LAUSR

We present a new high‐order accurate computational fluid dynamics model based on the incompressible Navier–Stokes equations with a free surface for the accurate simulation of non‐linear and dispersive water waves in the time domain. The spatial discretization is based on Chebyshev polynomials in the vertical direction and a Fourier basis in the horizontal direction, allowing for the use of the fast Chebyshev and Fourier transforms for the efficient computation of spatial derivatives.
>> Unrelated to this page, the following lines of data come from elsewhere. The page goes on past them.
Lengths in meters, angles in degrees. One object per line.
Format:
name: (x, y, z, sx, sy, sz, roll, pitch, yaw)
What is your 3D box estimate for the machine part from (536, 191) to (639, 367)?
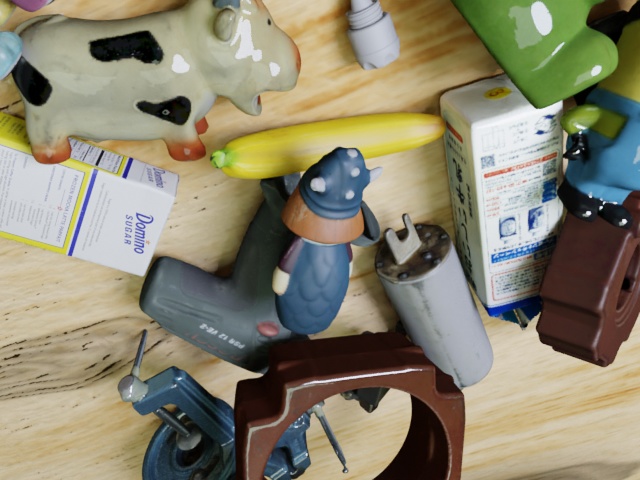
machine part: (0.256, 0.028, 0.480, 0.179, 0.056, 0.179, -22, 122, -42)

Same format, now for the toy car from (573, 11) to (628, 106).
toy car: (0.293, -0.159, 0.418, 0.202, 0.053, 0.089, -24, 108, 10)

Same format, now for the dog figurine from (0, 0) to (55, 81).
dog figurine: (-0.252, -0.175, 0.261, 0.192, 0.108, 0.219, -9, 141, 31)

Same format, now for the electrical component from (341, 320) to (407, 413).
electrical component: (0.059, 0.139, 0.587, 0.045, 0.078, 0.102, 26, 132, 23)

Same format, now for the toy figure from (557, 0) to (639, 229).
toy figure: (0.227, -0.100, 0.371, 0.082, 0.089, 0.180, -1, 125, -41)

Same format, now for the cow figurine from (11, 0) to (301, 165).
cow figurine: (-0.111, -0.122, 0.374, 0.195, 0.085, 0.127, -3, 130, -5)

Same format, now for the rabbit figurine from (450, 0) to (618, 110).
rabbit figurine: (0.165, -0.198, 0.342, 0.170, 0.121, 0.159, -36, 103, 25)

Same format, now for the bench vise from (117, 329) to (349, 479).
bench vise: (-0.111, 0.201, 0.574, 0.224, 0.129, 0.240, -27, 128, 7)

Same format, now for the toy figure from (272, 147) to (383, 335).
toy figure: (-0.001, 0.000, 0.393, 0.058, 0.064, 0.154, 24, 122, 21)

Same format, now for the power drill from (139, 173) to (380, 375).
power drill: (-0.033, 0.043, 0.505, 0.232, 0.086, 0.207, 25, 124, -22)

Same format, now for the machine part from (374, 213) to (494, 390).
machine part: (0.118, 0.070, 0.537, 0.079, 0.079, 0.243, -24, 123, 9)

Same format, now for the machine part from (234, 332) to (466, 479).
machine part: (0.024, 0.192, 0.495, 0.201, 0.087, 0.201, -4, 106, -14)
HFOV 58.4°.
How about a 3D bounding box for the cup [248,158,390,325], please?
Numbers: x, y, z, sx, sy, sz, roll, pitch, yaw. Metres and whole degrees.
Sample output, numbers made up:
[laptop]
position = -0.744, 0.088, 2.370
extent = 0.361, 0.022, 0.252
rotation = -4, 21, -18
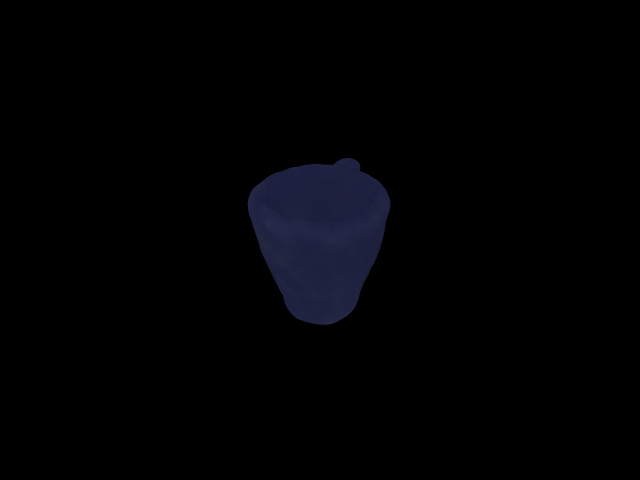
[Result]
[cup]
position = 0.004, 0.001, 0.400
extent = 0.091, 0.095, 0.118
rotation = 10, 34, 16
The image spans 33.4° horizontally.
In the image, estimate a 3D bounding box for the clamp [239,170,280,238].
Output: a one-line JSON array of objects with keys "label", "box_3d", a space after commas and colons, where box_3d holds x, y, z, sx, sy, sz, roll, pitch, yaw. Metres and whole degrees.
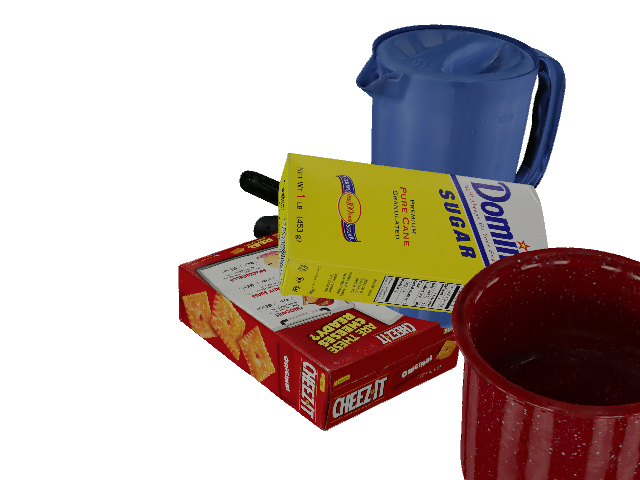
[{"label": "clamp", "box_3d": [0.011, -0.019, 1.179, 0.210, 0.036, 0.164, 15, 21, -8]}]

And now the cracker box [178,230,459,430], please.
[{"label": "cracker box", "box_3d": [-0.003, 0.069, 0.967, 0.163, 0.072, 0.214, -20, 36, -36]}]

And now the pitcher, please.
[{"label": "pitcher", "box_3d": [0.112, -0.053, 0.905, 0.149, 0.243, 0.144, 13, 31, 17]}]

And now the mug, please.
[{"label": "mug", "box_3d": [0.107, 0.064, 0.406, 0.117, 0.081, 0.093, 7, 37, 13]}]

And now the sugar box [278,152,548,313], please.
[{"label": "sugar box", "box_3d": [0.061, -0.002, 0.705, 0.176, 0.093, 0.048, 5, -37, -8]}]

The temporal discretization is done through a generalized low‐storage explicit fourth‐order Runge–Kutta, and for the scheme to conserve mass and achieve high‐order accuracy, a velocity‐pressure coupling needs to be satisfied at all Runge–Kutta stages. This results in the emergence of a Poisson pressure problem that constitutes a geometric conservation law for mass conservation. The occurring Poisson problem is proposed to be solved efficiently via an accelerated iterative solver based on a geometric p$$ p $$ ‐multigrid scheme, which takes advantage of the high‐order polynomial basis in the spatial discretization and hence distinguishes itself from conventional low‐order numerical schemes. We present numerical experiments for validation of the scheme in the context of numerical wave tanks demonstrating that the p$$ p $$ ‐multigrid accelerated numerical scheme can effectively solve the Poisson problem that constitute the computational bottleneck, that the model can achieve the desired spectral convergence, and is capable of simulating wave‐propagation over non‐flat bottoms with excellent agreement in comparison to experimental results.